*What this task involves:* Set down the entries again word for word, without any of the images.

Records to process START

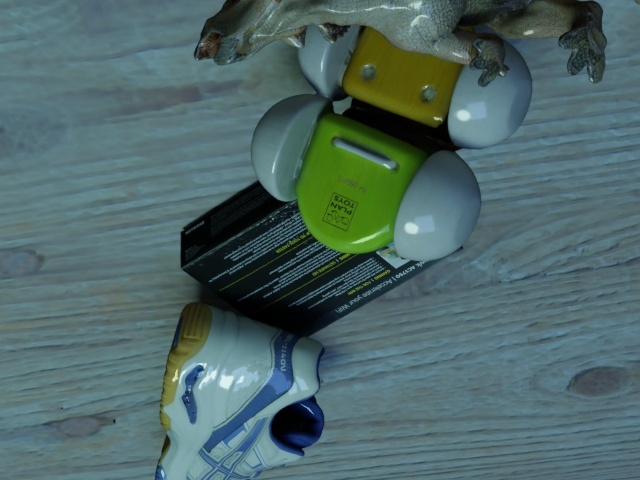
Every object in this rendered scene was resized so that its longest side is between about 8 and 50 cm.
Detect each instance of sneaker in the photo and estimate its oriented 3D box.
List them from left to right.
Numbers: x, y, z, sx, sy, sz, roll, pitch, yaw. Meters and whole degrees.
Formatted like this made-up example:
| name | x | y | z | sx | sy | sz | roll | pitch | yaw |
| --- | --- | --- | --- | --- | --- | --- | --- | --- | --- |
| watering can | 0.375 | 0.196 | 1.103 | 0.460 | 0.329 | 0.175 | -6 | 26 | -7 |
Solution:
| name | x | y | z | sx | sy | sz | roll | pitch | yaw |
| --- | --- | --- | --- | --- | --- | --- | --- | --- | --- |
| sneaker | -0.067 | 0.169 | 1.251 | 0.131 | 0.112 | 0.296 | 12 | 146 | 0 |

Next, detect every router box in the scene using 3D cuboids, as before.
| name | x | y | z | sx | sy | sz | roll | pitch | yaw |
| --- | --- | --- | --- | --- | --- | --- | --- | --- | --- |
| router box | 0.000 | 0.000 | 1.158 | 0.179 | 0.046 | 0.133 | -30 | 131 | 25 |

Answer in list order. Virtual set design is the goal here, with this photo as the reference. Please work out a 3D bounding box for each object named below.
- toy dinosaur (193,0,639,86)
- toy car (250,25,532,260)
| name | x | y | z | sx | sy | sz | roll | pitch | yaw |
| --- | --- | --- | --- | --- | --- | --- | --- | --- | --- |
| toy dinosaur | 0.081 | -0.172 | 0.911 | 0.296 | 0.200 | 0.127 | -7 | 108 | -22 |
| toy car | 0.055 | -0.072 | 1.012 | 0.159 | 0.182 | 0.136 | 24 | 179 | 22 |

Records to process END

*Exercise solution:*
Every object in this rendered scene was resized so that its longest side is between about 8 and 50 cm.
Detect each instance of sneaker in the photo and estimate its oriented 3D box.
List them from left to right.
Numbers: x, y, z, sx, sy, sz, roll, pitch, yaw. Meters and whole degrees.
Formatted like this made-up example:
| name | x | y | z | sx | sy | sz | roll | pitch | yaw |
| --- | --- | --- | --- | --- | --- | --- | --- | --- | --- |
| watering can | 0.375 | 0.196 | 1.103 | 0.460 | 0.329 | 0.175 | -6 | 26 | -7 |
Solution:
| name | x | y | z | sx | sy | sz | roll | pitch | yaw |
| --- | --- | --- | --- | --- | --- | --- | --- | --- | --- |
| sneaker | -0.067 | 0.169 | 1.251 | 0.131 | 0.112 | 0.296 | 12 | 146 | 0 |

Next, detect every router box in the scene using 3D cuboids, as before.
| name | x | y | z | sx | sy | sz | roll | pitch | yaw |
| --- | --- | --- | --- | --- | --- | --- | --- | --- | --- |
| router box | 0.000 | 0.000 | 1.158 | 0.179 | 0.046 | 0.133 | -30 | 131 | 25 |

Answer in list order. Virtual set design is the goal here, with this photo as the reference. Please work out a 3D bounding box for each object named below.
- toy dinosaur (193,0,639,86)
- toy car (250,25,532,260)
| name | x | y | z | sx | sy | sz | roll | pitch | yaw |
| --- | --- | --- | --- | --- | --- | --- | --- | --- | --- |
| toy dinosaur | 0.081 | -0.172 | 0.911 | 0.296 | 0.200 | 0.127 | -7 | 108 | -22 |
| toy car | 0.055 | -0.072 | 1.012 | 0.159 | 0.182 | 0.136 | 24 | 179 | 22 |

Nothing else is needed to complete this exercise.